Could you repeat all of the entries exactly, leaving out any pictures?

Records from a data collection

[Start of section]

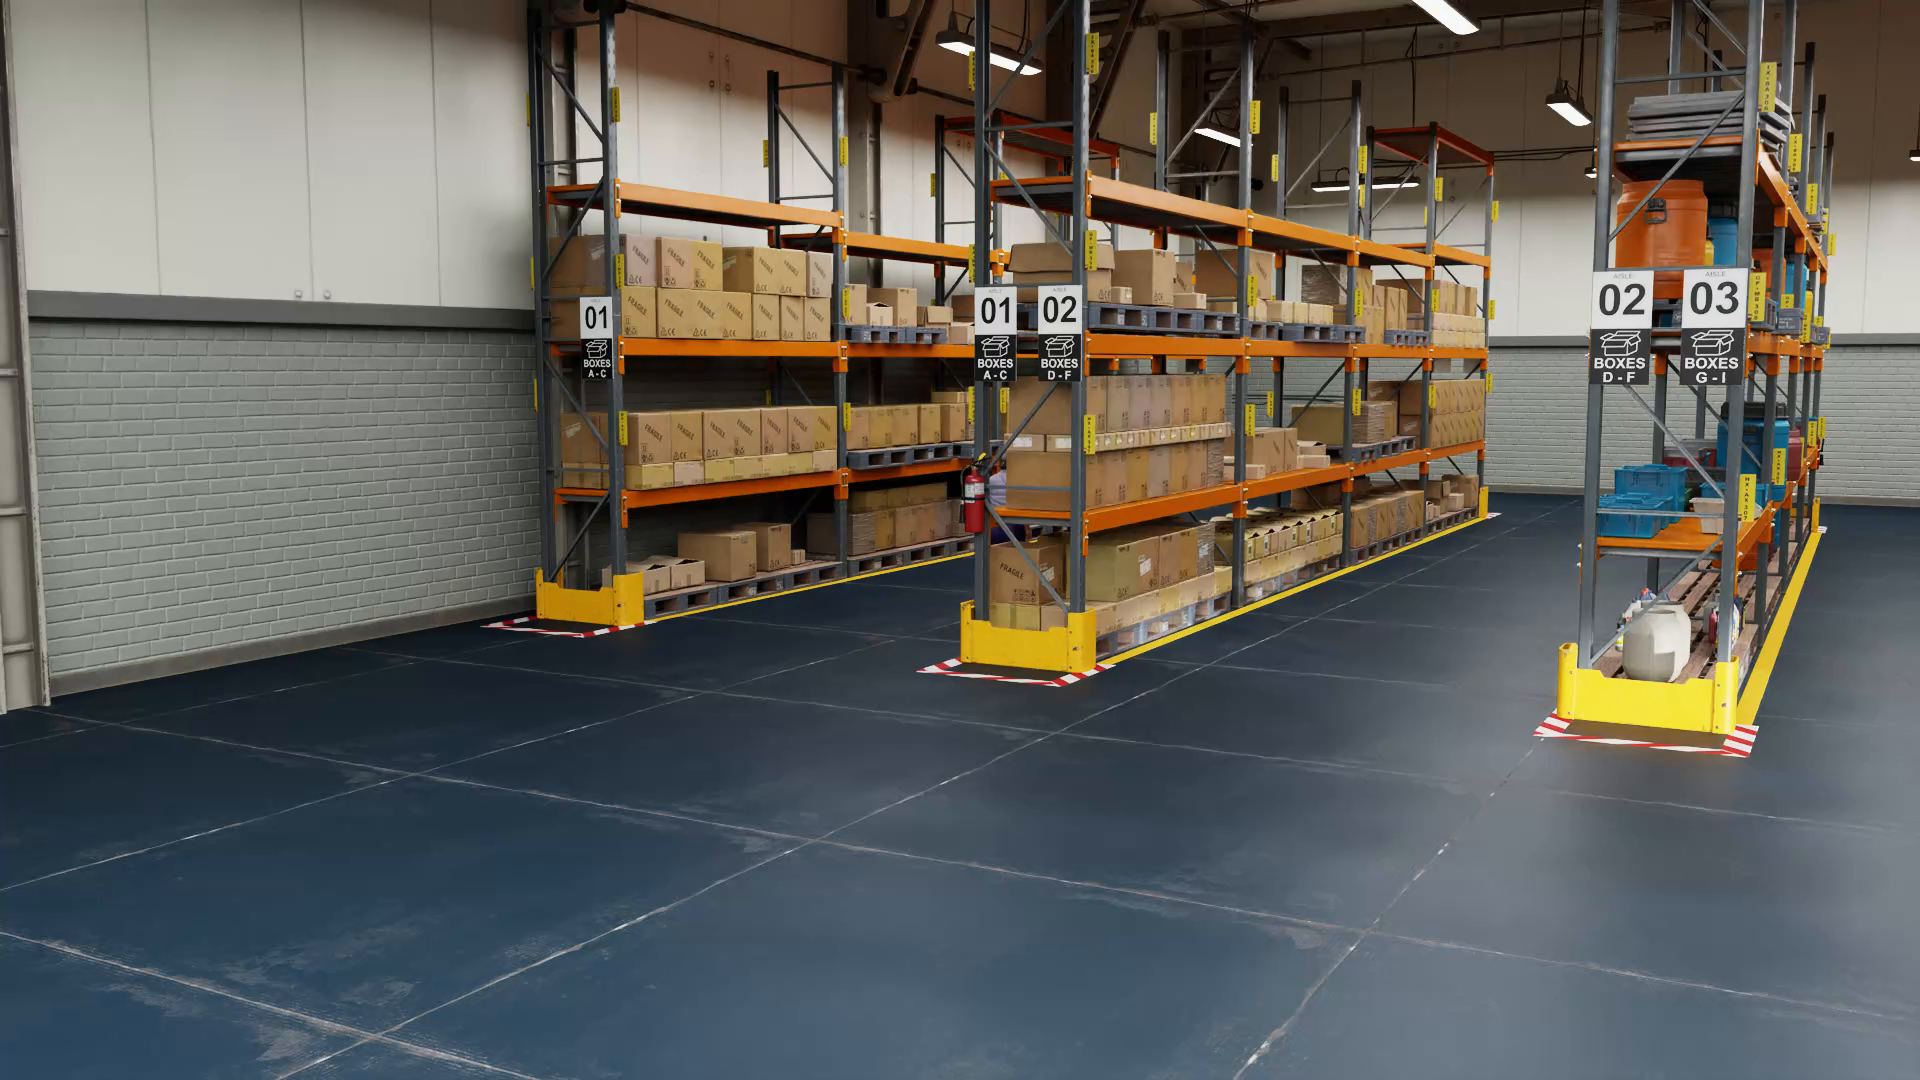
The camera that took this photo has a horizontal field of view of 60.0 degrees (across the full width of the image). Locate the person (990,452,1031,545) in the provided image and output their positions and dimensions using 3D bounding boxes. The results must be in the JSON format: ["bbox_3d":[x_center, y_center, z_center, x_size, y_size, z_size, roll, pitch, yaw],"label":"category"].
[{"bbox_3d":[0.489,-0.085,17.214,0.564,1.652,0.374,3,7,26],"label":"person"}]
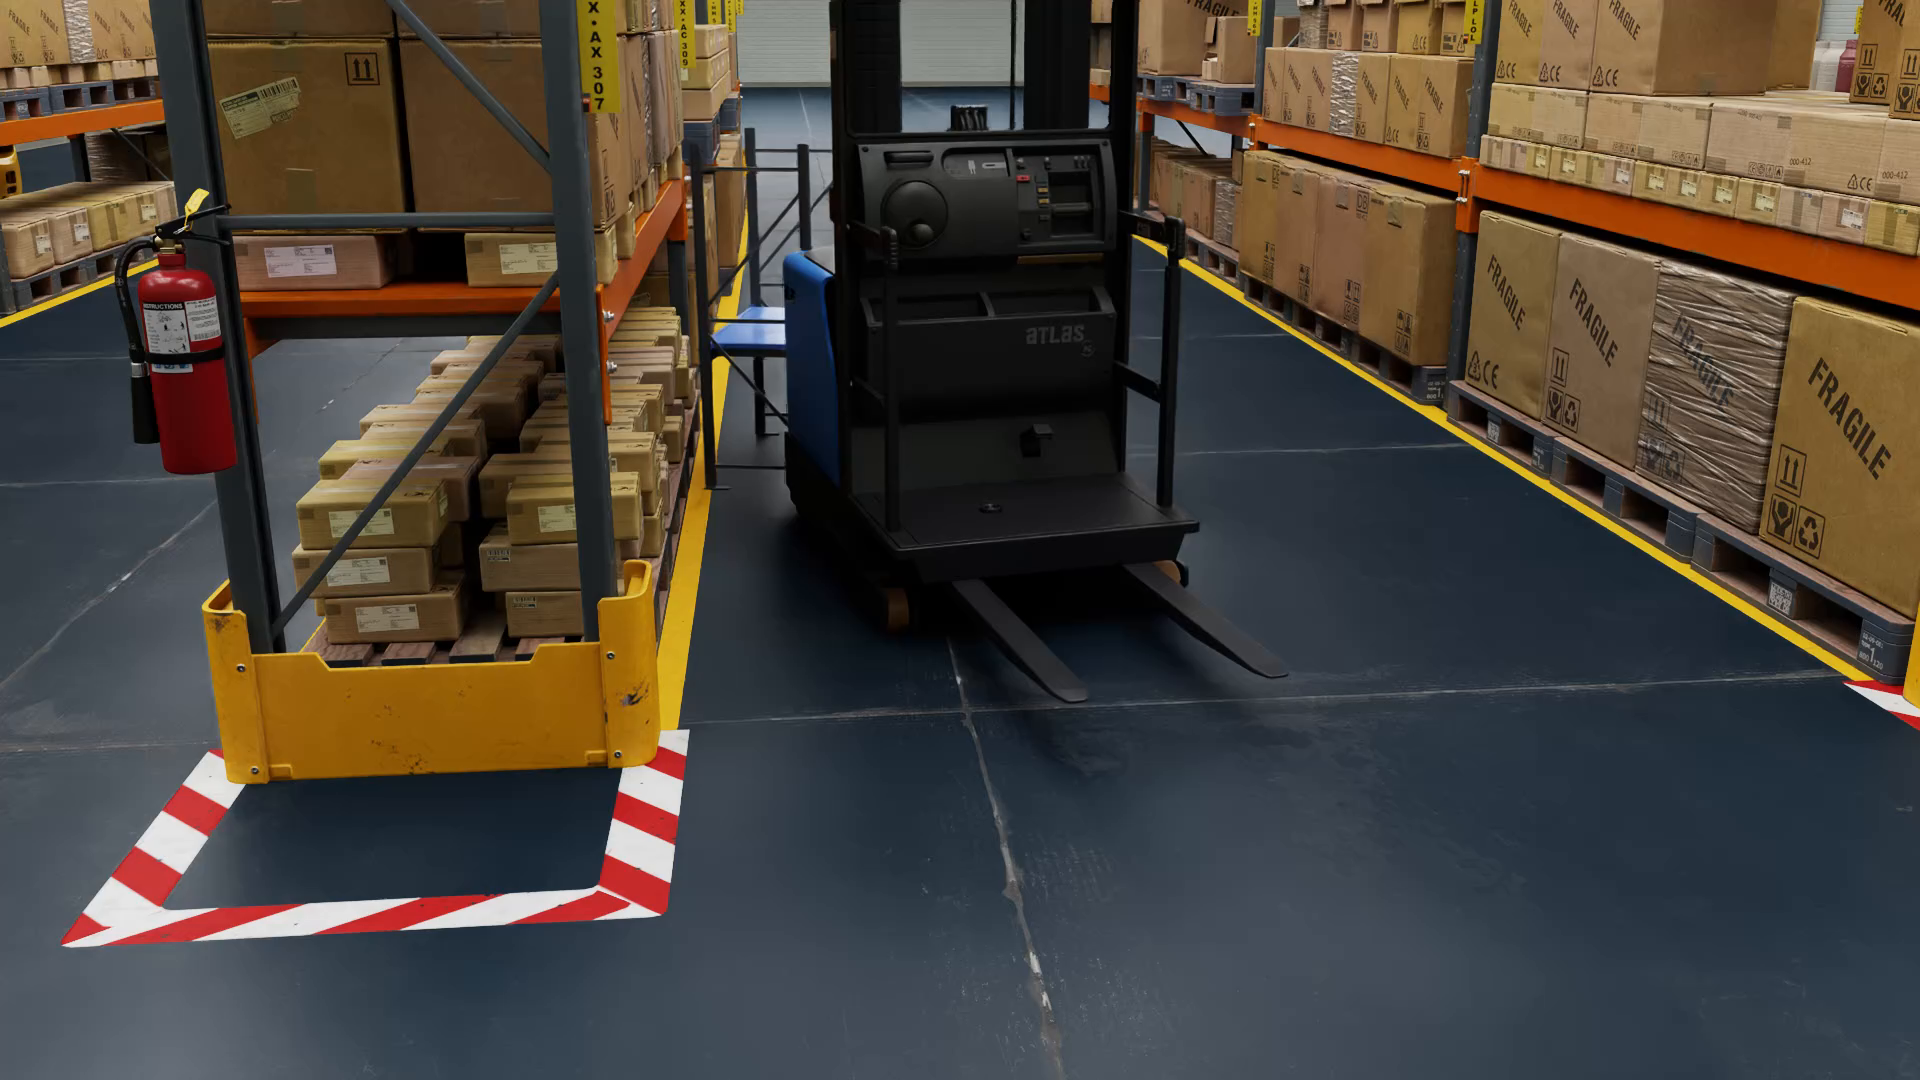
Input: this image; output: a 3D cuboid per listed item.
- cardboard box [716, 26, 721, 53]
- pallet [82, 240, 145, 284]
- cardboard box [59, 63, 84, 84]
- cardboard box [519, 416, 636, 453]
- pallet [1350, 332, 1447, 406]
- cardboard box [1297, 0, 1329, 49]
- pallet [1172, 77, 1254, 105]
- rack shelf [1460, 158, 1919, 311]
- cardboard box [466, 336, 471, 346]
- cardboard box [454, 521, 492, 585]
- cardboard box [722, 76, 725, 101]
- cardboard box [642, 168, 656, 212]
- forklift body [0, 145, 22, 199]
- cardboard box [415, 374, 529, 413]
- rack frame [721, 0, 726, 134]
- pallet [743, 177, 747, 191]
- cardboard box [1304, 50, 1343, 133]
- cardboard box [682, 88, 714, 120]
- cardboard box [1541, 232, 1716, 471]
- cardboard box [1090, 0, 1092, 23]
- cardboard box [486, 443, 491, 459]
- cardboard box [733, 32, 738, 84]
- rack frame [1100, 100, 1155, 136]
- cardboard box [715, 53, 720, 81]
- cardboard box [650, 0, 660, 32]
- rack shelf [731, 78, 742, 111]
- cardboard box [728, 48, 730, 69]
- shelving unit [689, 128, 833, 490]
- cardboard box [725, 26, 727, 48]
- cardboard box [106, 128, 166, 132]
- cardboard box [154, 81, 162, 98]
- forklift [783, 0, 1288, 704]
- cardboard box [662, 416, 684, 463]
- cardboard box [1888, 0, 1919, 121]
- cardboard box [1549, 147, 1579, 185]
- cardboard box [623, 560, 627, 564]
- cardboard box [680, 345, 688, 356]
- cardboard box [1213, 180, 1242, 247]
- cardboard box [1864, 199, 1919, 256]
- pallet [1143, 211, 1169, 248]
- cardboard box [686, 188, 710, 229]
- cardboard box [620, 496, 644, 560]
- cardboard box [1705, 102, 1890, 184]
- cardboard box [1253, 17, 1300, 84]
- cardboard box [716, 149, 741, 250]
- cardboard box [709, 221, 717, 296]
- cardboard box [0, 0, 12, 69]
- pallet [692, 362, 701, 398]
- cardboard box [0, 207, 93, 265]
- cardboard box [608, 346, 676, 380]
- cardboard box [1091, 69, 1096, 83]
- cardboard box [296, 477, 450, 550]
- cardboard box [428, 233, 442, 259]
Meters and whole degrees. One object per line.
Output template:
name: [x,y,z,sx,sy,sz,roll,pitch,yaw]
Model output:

[End of section]

* Response to this exercise
The camera that took this photo has a horizontal field of view of 60.0 degrees (across the full width of the image). Locate the person (990,452,1031,545) in the provided image and output their positions and dimensions using 3D bounding boxes. The results must be in the JSON format: ["bbox_3d":[x_center, y_center, z_center, x_size, y_size, z_size, roll, pitch, yaw],"label":"category"].
[{"bbox_3d":[0.489,-0.085,17.214,0.564,1.652,0.374,3,7,26],"label":"person"}]
Input: this image; output: a 3D cuboid per listed item.
- cardboard box [716, 26, 721, 53]
- pallet [82, 240, 145, 284]
- cardboard box [59, 63, 84, 84]
- cardboard box [519, 416, 636, 453]
- pallet [1350, 332, 1447, 406]
- cardboard box [1297, 0, 1329, 49]
- pallet [1172, 77, 1254, 105]
- rack shelf [1460, 158, 1919, 311]
- cardboard box [466, 336, 471, 346]
- cardboard box [454, 521, 492, 585]
- cardboard box [722, 76, 725, 101]
- cardboard box [642, 168, 656, 212]
- forklift body [0, 145, 22, 199]
- cardboard box [415, 374, 529, 413]
- rack frame [721, 0, 726, 134]
- pallet [743, 177, 747, 191]
- cardboard box [1304, 50, 1343, 133]
- cardboard box [682, 88, 714, 120]
- cardboard box [1541, 232, 1716, 471]
- cardboard box [1090, 0, 1092, 23]
- cardboard box [486, 443, 491, 459]
- cardboard box [733, 32, 738, 84]
- rack frame [1100, 100, 1155, 136]
- cardboard box [715, 53, 720, 81]
- cardboard box [650, 0, 660, 32]
- rack shelf [731, 78, 742, 111]
- cardboard box [728, 48, 730, 69]
- shelving unit [689, 128, 833, 490]
- cardboard box [725, 26, 727, 48]
- cardboard box [106, 128, 166, 132]
- cardboard box [154, 81, 162, 98]
- forklift [783, 0, 1288, 704]
- cardboard box [662, 416, 684, 463]
- cardboard box [1888, 0, 1919, 121]
- cardboard box [1549, 147, 1579, 185]
- cardboard box [623, 560, 627, 564]
- cardboard box [680, 345, 688, 356]
- cardboard box [1213, 180, 1242, 247]
- cardboard box [1864, 199, 1919, 256]
- pallet [1143, 211, 1169, 248]
- cardboard box [686, 188, 710, 229]
- cardboard box [620, 496, 644, 560]
- cardboard box [1705, 102, 1890, 184]
- cardboard box [1253, 17, 1300, 84]
- cardboard box [716, 149, 741, 250]
- cardboard box [709, 221, 717, 296]
- cardboard box [0, 0, 12, 69]
- pallet [692, 362, 701, 398]
- cardboard box [0, 207, 93, 265]
- cardboard box [608, 346, 676, 380]
- cardboard box [1091, 69, 1096, 83]
- cardboard box [296, 477, 450, 550]
- cardboard box [428, 233, 442, 259]
Meters and whole degrees. One object per line.
Output template:
name: [x,y,z,sx,sy,sz,roll,pitch,yaw]
Model output:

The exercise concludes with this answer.